Sept ans après cette exposition fondatrice pour vous, quelles évolutions avez-vous observé dans votre travail ?
Tout simplement que toute œuvre naît de celle qui l’a précédée. À chaque nouvelle création, j’en apprends sur la matière et sur moi, sans compter les accidents ou le fruit du lâcher-prise d’un support libéré ou de la vie qui intervient. En 2014, j’utilisais du cuivre pour la première fois et, en l’oxydant, j’avais observé des réactions que je ne connaissais pas. J’assume d’ailleurs la sacralité de certaines substances qui font appel aux esprits. Cette dimension est fort présente dans mon travail, même si, aujourd’hui, je sais davantage contrôler les matériaux. Je n’aime pas forcément parler des artistes qui m’ont influencé, mais je me souviens que lorsque j’avais 18 ans, Marina Abramovic était venue parler dans mon école d’art en Afrique du Sud et j’avais trouvé cette femme incroyable, notamment dans ses rituels et l’utilisation du sang ou autre… Elle a été pour moi le premier exemple de comment réunir les passions un peu particulières de ma vie avec l’art. Le rôle des mentors est fondamental. Ainsi, à partir de la magie, ma pratique s’est davantage ouverte vers la matière ou des concepts comme l’interconnectivité. Ensuite, mes recherches m’ont porté sur la géologie et la terre, regardées d’une manière coloniale, comme le montre l’ouvrage de Jane Bennet, Vibrant Matter: A Political Ecology of Things, traitant de l’écologie des objets.

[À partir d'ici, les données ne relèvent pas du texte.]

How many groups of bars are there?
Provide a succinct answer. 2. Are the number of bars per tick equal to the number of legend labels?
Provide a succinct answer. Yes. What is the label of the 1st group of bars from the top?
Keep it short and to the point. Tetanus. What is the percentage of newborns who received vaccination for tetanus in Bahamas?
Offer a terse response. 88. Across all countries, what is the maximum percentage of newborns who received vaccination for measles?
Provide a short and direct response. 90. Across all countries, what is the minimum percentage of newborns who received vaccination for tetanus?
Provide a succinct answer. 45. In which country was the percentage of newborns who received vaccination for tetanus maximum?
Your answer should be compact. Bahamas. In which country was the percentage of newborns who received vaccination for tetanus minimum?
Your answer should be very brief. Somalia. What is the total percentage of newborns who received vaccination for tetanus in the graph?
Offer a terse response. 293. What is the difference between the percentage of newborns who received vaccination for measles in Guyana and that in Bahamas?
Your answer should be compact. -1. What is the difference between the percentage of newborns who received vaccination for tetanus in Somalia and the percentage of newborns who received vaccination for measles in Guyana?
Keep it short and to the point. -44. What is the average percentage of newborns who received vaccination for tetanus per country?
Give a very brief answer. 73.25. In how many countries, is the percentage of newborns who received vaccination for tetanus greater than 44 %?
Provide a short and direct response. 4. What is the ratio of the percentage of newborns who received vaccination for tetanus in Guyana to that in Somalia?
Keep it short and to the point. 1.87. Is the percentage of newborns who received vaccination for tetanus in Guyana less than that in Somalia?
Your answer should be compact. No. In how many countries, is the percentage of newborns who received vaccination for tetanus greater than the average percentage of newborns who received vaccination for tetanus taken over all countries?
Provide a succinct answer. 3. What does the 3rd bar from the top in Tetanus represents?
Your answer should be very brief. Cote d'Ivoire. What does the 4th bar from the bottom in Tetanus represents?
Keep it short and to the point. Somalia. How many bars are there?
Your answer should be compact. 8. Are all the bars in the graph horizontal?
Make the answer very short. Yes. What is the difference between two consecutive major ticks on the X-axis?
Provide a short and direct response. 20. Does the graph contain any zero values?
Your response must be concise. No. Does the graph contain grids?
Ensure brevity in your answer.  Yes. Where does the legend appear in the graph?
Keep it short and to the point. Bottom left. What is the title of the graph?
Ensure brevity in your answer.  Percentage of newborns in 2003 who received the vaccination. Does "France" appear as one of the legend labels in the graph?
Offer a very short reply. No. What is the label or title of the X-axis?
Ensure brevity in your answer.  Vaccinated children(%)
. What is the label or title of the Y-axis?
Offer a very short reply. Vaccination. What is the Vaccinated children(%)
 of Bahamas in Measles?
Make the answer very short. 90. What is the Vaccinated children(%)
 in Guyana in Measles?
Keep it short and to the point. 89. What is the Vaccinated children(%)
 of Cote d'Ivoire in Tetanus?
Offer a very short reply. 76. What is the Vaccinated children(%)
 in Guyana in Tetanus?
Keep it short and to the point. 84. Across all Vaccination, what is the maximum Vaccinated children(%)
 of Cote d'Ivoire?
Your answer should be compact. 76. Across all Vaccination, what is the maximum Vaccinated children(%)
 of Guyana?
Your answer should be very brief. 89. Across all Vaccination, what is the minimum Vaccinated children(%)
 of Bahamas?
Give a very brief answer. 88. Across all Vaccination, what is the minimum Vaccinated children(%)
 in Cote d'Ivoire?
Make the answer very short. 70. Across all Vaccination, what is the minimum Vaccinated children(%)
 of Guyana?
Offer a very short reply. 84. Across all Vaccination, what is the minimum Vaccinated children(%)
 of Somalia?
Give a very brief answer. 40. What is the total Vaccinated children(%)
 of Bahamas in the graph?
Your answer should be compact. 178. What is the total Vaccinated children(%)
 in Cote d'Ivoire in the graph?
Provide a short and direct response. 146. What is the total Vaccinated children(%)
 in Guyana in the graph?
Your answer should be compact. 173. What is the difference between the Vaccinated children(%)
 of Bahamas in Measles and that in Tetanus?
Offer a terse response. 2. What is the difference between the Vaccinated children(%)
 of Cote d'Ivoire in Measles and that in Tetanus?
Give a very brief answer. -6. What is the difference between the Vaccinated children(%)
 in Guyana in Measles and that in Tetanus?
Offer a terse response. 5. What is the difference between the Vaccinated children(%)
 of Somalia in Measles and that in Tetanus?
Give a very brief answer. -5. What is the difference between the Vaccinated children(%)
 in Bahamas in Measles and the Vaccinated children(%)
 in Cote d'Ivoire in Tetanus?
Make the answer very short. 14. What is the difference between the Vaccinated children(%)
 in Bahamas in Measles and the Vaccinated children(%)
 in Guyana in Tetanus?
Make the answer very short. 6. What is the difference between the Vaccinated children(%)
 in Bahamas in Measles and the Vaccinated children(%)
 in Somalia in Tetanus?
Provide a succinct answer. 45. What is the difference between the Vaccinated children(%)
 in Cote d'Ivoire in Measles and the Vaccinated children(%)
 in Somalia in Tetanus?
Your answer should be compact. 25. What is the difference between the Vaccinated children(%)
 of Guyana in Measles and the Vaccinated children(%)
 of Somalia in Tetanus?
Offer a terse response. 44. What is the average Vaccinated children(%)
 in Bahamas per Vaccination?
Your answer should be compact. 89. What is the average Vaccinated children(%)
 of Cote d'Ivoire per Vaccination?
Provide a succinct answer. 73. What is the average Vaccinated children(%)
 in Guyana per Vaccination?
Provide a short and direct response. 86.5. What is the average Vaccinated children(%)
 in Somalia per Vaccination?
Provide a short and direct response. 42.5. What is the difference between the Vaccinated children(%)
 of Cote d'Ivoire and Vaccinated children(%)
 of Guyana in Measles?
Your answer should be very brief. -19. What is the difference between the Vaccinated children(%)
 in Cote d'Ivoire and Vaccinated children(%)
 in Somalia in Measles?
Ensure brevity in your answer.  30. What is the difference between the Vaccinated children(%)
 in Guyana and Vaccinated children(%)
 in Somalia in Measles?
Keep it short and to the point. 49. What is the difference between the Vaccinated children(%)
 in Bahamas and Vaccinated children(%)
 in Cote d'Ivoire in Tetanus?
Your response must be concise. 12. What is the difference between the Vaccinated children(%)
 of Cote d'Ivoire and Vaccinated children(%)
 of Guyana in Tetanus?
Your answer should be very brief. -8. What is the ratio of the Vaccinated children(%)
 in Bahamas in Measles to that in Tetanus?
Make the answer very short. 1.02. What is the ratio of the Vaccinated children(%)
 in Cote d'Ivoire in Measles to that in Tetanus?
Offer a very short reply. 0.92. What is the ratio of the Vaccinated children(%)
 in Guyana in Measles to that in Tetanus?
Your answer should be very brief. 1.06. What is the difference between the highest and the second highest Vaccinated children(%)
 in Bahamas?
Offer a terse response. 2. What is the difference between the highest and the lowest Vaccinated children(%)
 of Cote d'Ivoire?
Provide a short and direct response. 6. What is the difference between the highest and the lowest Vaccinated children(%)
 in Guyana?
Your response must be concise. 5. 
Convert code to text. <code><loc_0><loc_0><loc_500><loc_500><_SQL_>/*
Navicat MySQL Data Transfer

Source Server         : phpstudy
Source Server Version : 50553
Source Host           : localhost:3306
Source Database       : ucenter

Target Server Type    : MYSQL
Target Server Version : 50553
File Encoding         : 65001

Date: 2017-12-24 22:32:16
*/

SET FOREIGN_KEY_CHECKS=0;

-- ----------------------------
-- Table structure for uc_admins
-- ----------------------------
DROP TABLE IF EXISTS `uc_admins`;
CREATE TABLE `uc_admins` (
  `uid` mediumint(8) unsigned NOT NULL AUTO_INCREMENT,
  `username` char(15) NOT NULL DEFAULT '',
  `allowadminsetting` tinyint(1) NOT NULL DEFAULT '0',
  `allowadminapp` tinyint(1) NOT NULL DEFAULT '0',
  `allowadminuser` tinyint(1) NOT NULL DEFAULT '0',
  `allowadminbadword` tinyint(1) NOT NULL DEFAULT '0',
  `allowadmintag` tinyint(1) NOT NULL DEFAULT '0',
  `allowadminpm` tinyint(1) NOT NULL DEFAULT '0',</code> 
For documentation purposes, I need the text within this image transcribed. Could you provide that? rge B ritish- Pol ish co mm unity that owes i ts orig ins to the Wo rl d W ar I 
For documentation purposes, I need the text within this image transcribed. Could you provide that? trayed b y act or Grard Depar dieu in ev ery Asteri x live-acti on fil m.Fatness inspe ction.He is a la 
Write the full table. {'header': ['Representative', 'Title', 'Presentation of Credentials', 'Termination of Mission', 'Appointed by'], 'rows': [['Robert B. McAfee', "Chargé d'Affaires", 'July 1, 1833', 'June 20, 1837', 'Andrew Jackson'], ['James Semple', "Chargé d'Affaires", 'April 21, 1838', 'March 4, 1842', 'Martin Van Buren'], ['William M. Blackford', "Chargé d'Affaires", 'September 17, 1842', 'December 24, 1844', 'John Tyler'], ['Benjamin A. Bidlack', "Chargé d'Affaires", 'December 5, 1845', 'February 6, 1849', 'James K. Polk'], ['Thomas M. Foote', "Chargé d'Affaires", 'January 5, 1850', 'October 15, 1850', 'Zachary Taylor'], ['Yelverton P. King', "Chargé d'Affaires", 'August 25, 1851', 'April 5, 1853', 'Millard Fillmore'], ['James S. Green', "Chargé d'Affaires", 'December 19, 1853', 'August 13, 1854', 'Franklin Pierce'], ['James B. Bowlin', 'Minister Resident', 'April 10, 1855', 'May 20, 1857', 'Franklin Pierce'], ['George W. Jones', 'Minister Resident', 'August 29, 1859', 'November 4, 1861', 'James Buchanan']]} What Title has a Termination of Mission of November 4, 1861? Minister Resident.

Vous sentez-vous encore en lien avec l’Afrique du Sud, notamment dans cette perception tellurique qui est différente d’une vision occidentale plus restrictive ?
Je suis en France depuis quinze ans, mais j’y retourne une fois par an et, ayant grandi dans une famille italo-sud-africaine, je suis également empreinte de la religion catholique qui a pu inspirer certaines de mes pièces. Enfant, il était incroyablement enrichissant d’apprendre que les connexions au monde invisible et animiste pouvaient être intégrées si naturellement dans la vie quotidienne. Les Sangoma sont des sorciers zoulous, qui font partie intégrante de la société, mais parler d’eux ou de leur Muthi n’est pas de mon ressort. Toutefois, je peux évoquer le Daily Sun, un journal bihebdomadaire publiant, avec des histoires de crime, de sport ou d’amour, de « vrais » récits locaux de sorcellerie, qui étaient une source infinie de fascination quand j’étais pré-adolescente. Ou encore, sur la route principale qui menait chez moi, d’un endroit incroyable qui vendait diverses racines, griffes, pattes de poulets ou d’éléphants, même si je ne les ai jamais vues de mes propres yeux, car je suppose qu’elles étaient conservées dans l’arrière de cette boutique, dont le nom indiquait… « Pharmacie ». En 2011, alors que je vivais déjà en France, j’ai eu la chance de passer du temps au Cameroun pour une résidence. Ce fut une expérience transformatrice car je suis entrée en contact avec des matériaux, déjà approchés grâce à ma propre pratique de la magie, qui sont laissés en évidence et font partie de la vie quotidienne. Ce sont des éléments abandonnés après des rituels, tels des tas de sel ou des bols brisés avec du sang séché provenant de sacrifices. Ayant toujours été guidée par mon intuition, la présence et l’acceptation de ces symboles dans la société m’ont réconfortée et, encore une fois, j’ai pensé à quel point j’étais reconnaissante d’avoir grandi dans un pays où communiquer avec nos ancêtres, comme mon père, est une chose habituelle.